[Opening PROVIDED RECORDS section]
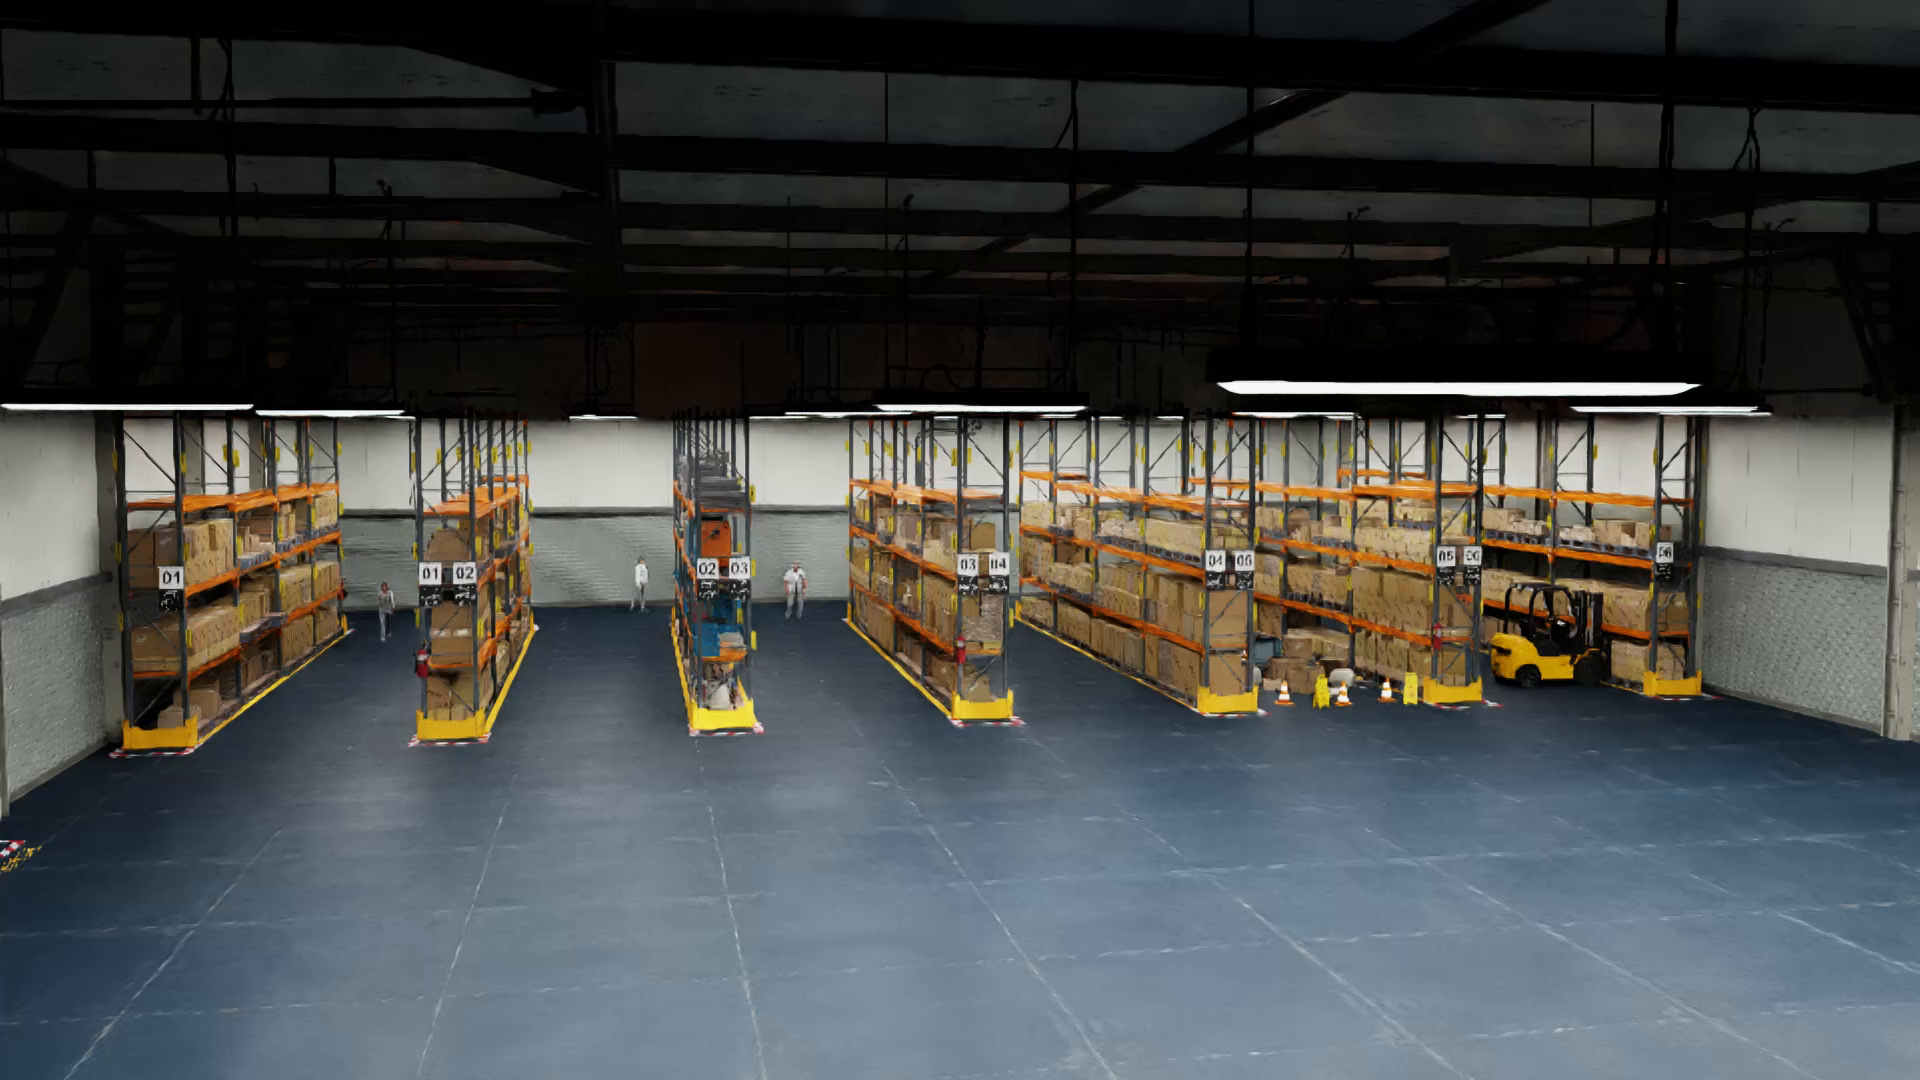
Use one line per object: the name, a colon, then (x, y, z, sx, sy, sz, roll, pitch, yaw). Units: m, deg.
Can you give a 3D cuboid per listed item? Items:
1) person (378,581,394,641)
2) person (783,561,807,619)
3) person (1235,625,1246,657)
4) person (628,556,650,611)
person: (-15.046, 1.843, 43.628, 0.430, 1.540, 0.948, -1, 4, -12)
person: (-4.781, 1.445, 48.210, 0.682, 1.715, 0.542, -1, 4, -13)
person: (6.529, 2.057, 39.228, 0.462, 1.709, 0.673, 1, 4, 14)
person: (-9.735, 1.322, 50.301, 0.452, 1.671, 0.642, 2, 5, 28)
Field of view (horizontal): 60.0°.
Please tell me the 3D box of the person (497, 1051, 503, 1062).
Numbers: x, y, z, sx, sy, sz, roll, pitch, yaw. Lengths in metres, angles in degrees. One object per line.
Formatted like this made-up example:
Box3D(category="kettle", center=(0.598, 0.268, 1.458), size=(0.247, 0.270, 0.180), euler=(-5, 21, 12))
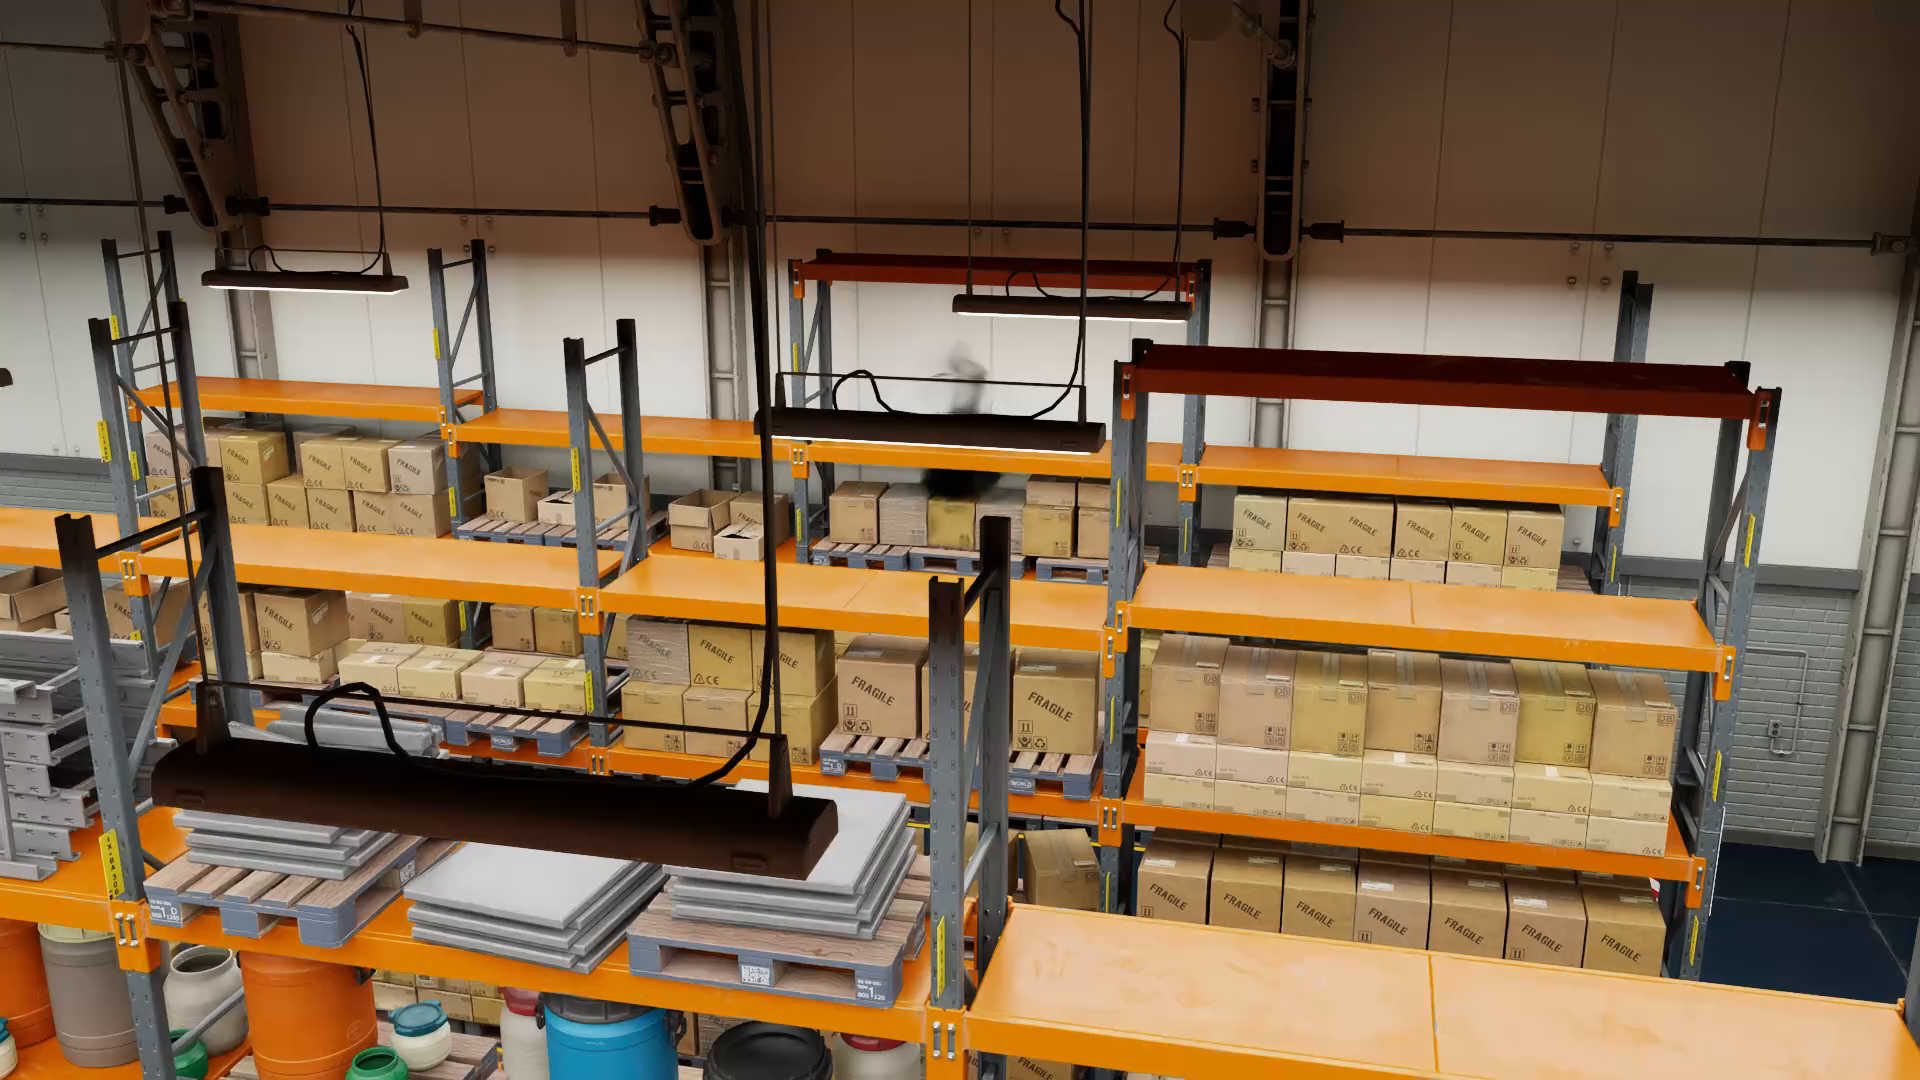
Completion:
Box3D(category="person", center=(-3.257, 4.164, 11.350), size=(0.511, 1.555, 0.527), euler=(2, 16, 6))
[Closing PROVIDED RECORDS section]
**WORK REQUIRED:** Starting with the first line of the material above and ending with the line that holds "Please tell me", write out those lines exactly, without pictures.

**RESULT OF THIS TASK:**
Use one line per object: the name, a colon, then (x, y, z, sx, sy, sz, roll, pitch, yaw). Units: m, deg.
Can you give a 3D cuboid per listed item? Items:
1) person (378,581,394,641)
2) person (783,561,807,619)
3) person (1235,625,1246,657)
4) person (628,556,650,611)
person: (-15.046, 1.843, 43.628, 0.430, 1.540, 0.948, -1, 4, -12)
person: (-4.781, 1.445, 48.210, 0.682, 1.715, 0.542, -1, 4, -13)
person: (6.529, 2.057, 39.228, 0.462, 1.709, 0.673, 1, 4, 14)
person: (-9.735, 1.322, 50.301, 0.452, 1.671, 0.642, 2, 5, 28)
Field of view (horizontal): 60.0°.
Please tell me the 3D box of the person (497, 1051, 503, 1062).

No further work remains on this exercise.